TRY IT: Please report each line in the material below that includes "State".

DATA FOR REVIEW:

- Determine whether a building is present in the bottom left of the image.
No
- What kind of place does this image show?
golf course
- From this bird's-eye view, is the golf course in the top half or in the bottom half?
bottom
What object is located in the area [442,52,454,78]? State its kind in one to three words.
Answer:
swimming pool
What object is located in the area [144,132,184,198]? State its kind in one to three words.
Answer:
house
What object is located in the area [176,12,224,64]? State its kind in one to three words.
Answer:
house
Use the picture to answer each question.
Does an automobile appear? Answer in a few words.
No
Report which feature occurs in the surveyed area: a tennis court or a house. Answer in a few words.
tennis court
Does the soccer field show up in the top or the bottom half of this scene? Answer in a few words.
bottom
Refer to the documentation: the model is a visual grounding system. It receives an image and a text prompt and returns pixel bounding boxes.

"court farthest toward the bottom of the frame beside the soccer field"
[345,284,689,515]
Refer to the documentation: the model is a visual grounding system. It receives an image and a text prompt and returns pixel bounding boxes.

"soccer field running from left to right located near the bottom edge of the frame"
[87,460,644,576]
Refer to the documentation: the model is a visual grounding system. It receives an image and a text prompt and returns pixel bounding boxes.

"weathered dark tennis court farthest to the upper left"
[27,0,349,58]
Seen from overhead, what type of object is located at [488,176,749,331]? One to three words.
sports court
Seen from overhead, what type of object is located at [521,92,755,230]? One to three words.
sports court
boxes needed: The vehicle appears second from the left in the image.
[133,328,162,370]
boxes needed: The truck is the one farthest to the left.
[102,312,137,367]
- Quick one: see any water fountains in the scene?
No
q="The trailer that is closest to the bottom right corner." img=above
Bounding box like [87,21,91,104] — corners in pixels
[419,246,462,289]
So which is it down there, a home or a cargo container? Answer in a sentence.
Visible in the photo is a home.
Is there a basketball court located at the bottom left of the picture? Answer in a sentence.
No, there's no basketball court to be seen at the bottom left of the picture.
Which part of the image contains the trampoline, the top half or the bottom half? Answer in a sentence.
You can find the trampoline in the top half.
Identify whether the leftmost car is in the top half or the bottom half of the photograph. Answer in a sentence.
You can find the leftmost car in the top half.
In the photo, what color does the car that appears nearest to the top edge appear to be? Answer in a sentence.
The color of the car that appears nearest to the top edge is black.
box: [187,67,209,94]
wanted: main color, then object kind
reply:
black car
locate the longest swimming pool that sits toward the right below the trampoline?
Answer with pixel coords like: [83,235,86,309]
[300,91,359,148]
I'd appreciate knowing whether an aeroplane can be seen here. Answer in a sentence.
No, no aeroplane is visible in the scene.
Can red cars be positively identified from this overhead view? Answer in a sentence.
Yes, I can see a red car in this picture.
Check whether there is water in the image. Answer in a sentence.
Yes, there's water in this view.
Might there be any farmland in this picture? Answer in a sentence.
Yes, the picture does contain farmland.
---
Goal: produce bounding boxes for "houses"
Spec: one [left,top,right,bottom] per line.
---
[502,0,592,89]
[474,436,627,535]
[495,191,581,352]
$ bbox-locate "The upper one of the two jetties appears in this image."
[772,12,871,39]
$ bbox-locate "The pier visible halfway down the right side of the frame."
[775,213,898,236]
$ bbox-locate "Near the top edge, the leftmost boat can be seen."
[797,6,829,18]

* * *

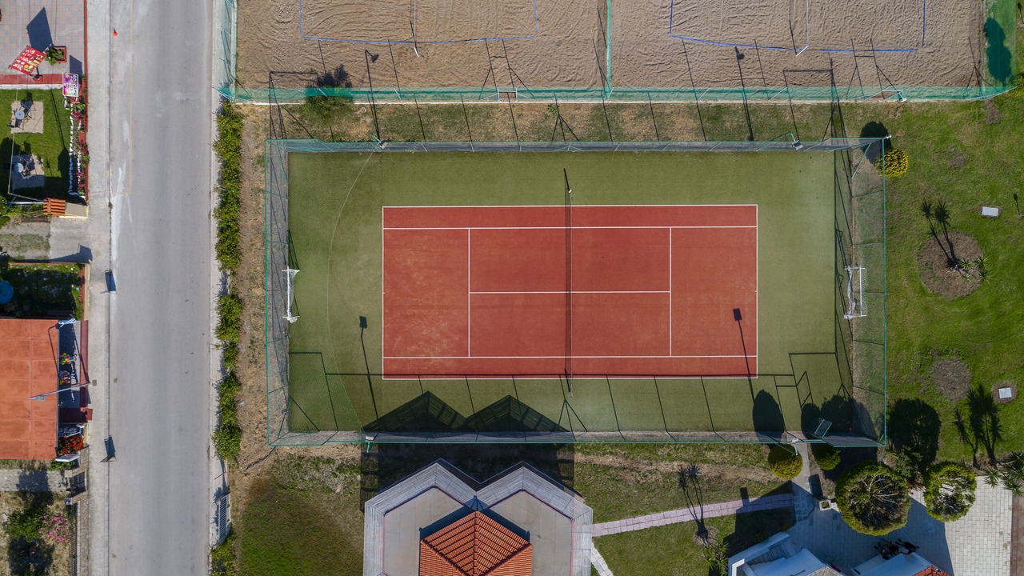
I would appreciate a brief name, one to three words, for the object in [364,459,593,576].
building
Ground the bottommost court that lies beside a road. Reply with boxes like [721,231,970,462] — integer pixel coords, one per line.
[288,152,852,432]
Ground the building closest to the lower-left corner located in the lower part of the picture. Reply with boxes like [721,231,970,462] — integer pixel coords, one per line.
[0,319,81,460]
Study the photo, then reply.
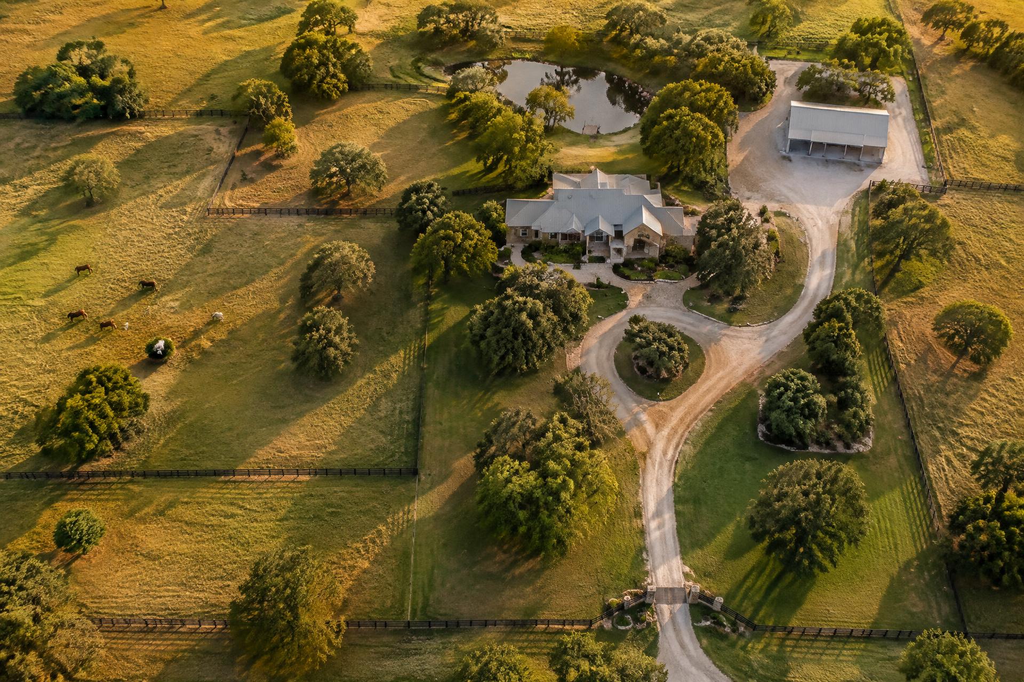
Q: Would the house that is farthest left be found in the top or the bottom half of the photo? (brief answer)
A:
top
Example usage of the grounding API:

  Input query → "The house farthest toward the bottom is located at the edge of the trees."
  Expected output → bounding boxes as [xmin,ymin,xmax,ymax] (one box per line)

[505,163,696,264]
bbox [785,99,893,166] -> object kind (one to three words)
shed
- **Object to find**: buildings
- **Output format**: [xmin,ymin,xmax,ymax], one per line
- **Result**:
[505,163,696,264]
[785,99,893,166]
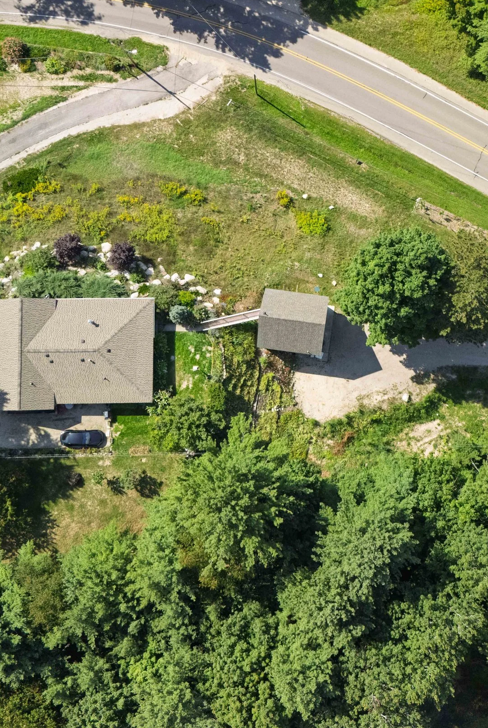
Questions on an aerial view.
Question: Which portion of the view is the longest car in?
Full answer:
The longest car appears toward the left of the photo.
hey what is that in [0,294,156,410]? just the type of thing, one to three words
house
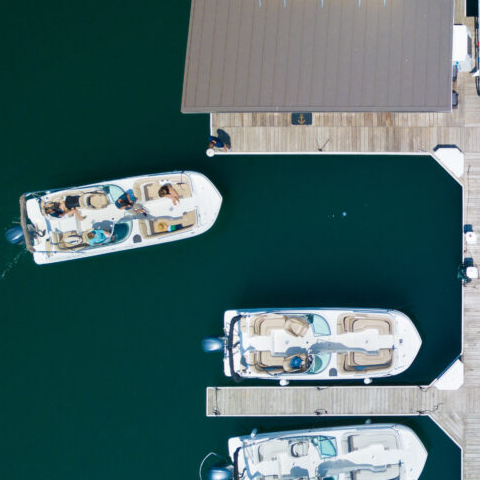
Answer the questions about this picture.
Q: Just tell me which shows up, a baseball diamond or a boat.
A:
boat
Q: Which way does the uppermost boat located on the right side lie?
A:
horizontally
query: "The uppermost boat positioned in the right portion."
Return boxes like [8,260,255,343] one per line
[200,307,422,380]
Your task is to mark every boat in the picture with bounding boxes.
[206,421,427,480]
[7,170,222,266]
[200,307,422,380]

COMPLETED EXERCISE:
What object is located in the area [442,52,454,78]? State its kind in one to three words.
What object is located in the area [144,132,184,198]? State its kind in one to three words.
What object is located in the area [176,12,224,64]? State its kind in one to three words.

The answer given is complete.